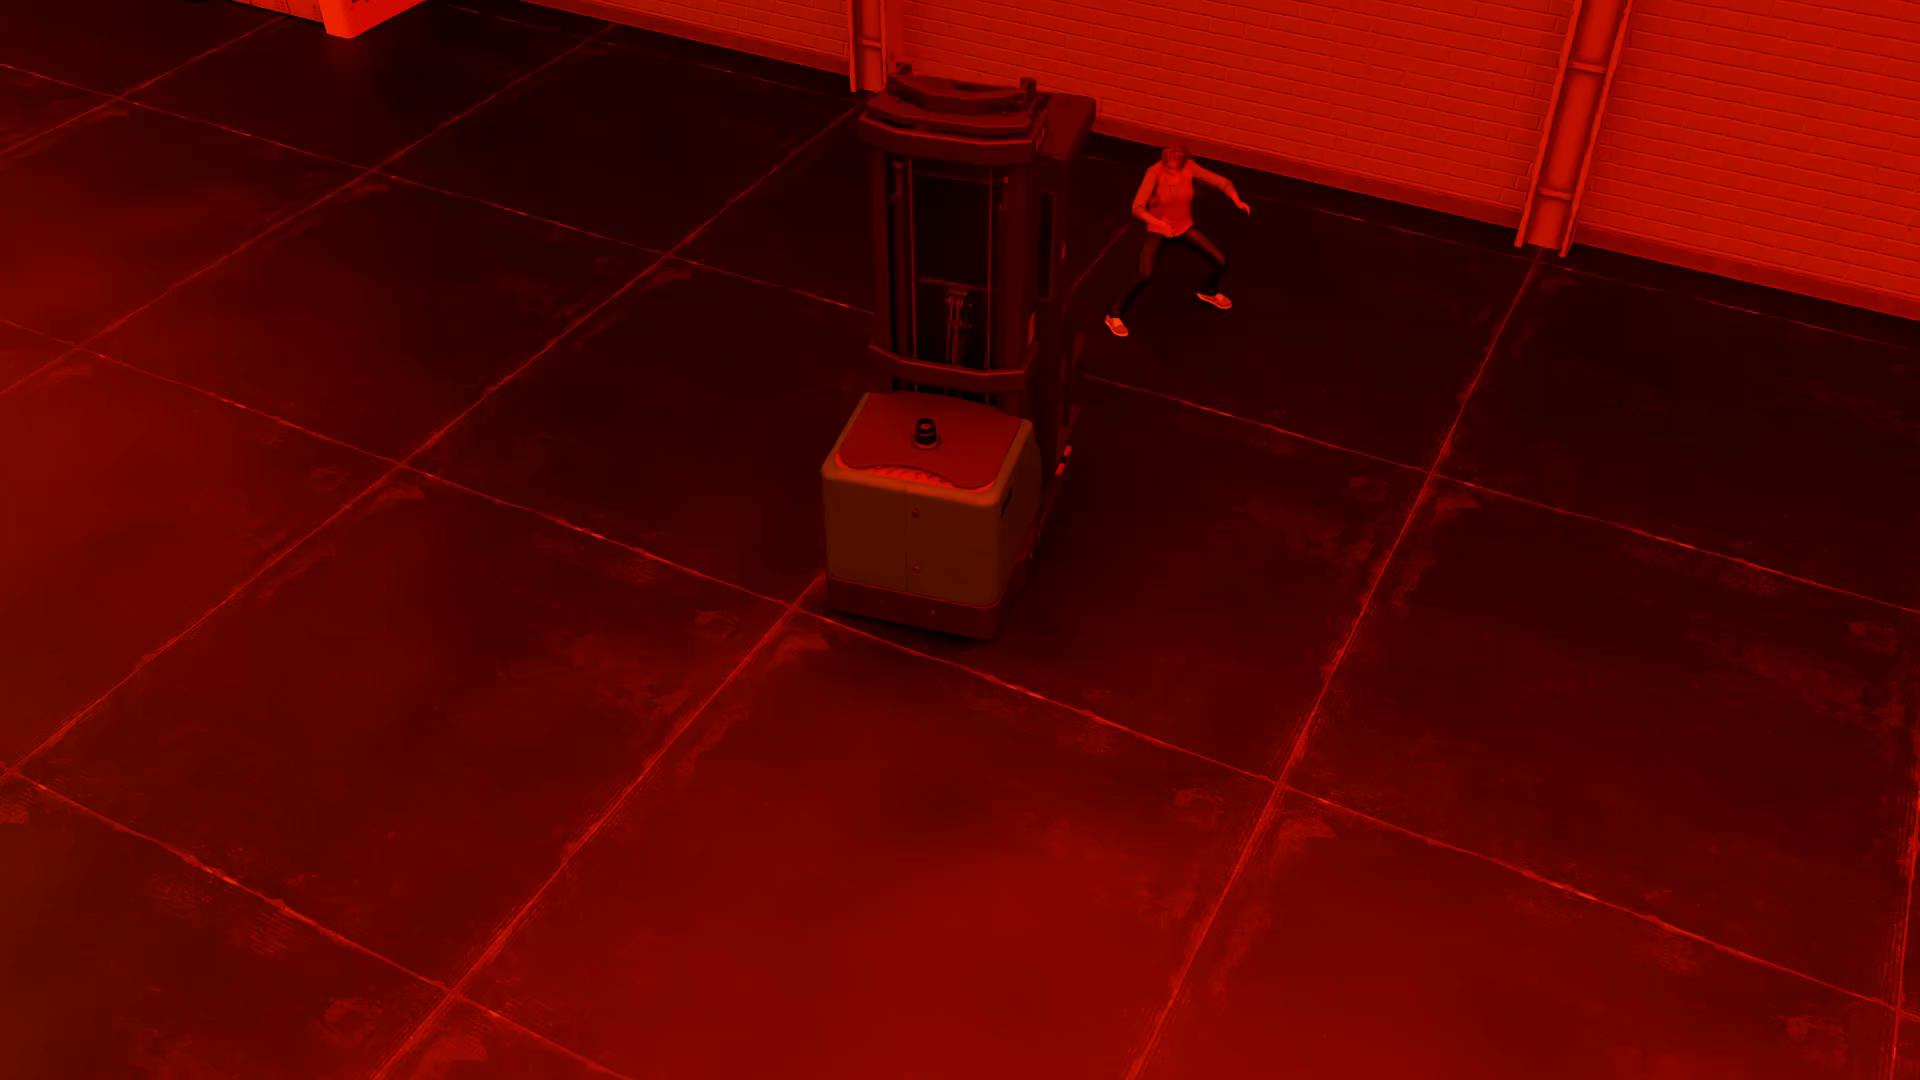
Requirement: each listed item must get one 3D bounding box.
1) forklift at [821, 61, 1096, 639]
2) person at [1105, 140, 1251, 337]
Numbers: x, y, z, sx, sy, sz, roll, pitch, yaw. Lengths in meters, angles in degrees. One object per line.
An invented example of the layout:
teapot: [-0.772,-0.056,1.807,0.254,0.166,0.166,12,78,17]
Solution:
forklift: [0.125,-1.514,9.784,1.130,2.935,3.031,11,41,12]
person: [1.536,-2.149,11.739,0.965,1.380,0.649,-4,40,-5]

____

#### [Aim of the task]
Copy out the whole listing word for word, except for any picture it includes.

#### [Exercise solution]
Requirement: each listed item must get one 3D bounding box.
1) forklift at [821, 61, 1096, 639]
2) person at [1105, 140, 1251, 337]
Numbers: x, y, z, sx, sy, sz, roll, pitch, yaw. Lengths in meters, angles in degrees. One object per line.
An invented example of the layout:
teapot: [-0.772,-0.056,1.807,0.254,0.166,0.166,12,78,17]
Solution:
forklift: [0.125,-1.514,9.784,1.130,2.935,3.031,11,41,12]
person: [1.536,-2.149,11.739,0.965,1.380,0.649,-4,40,-5]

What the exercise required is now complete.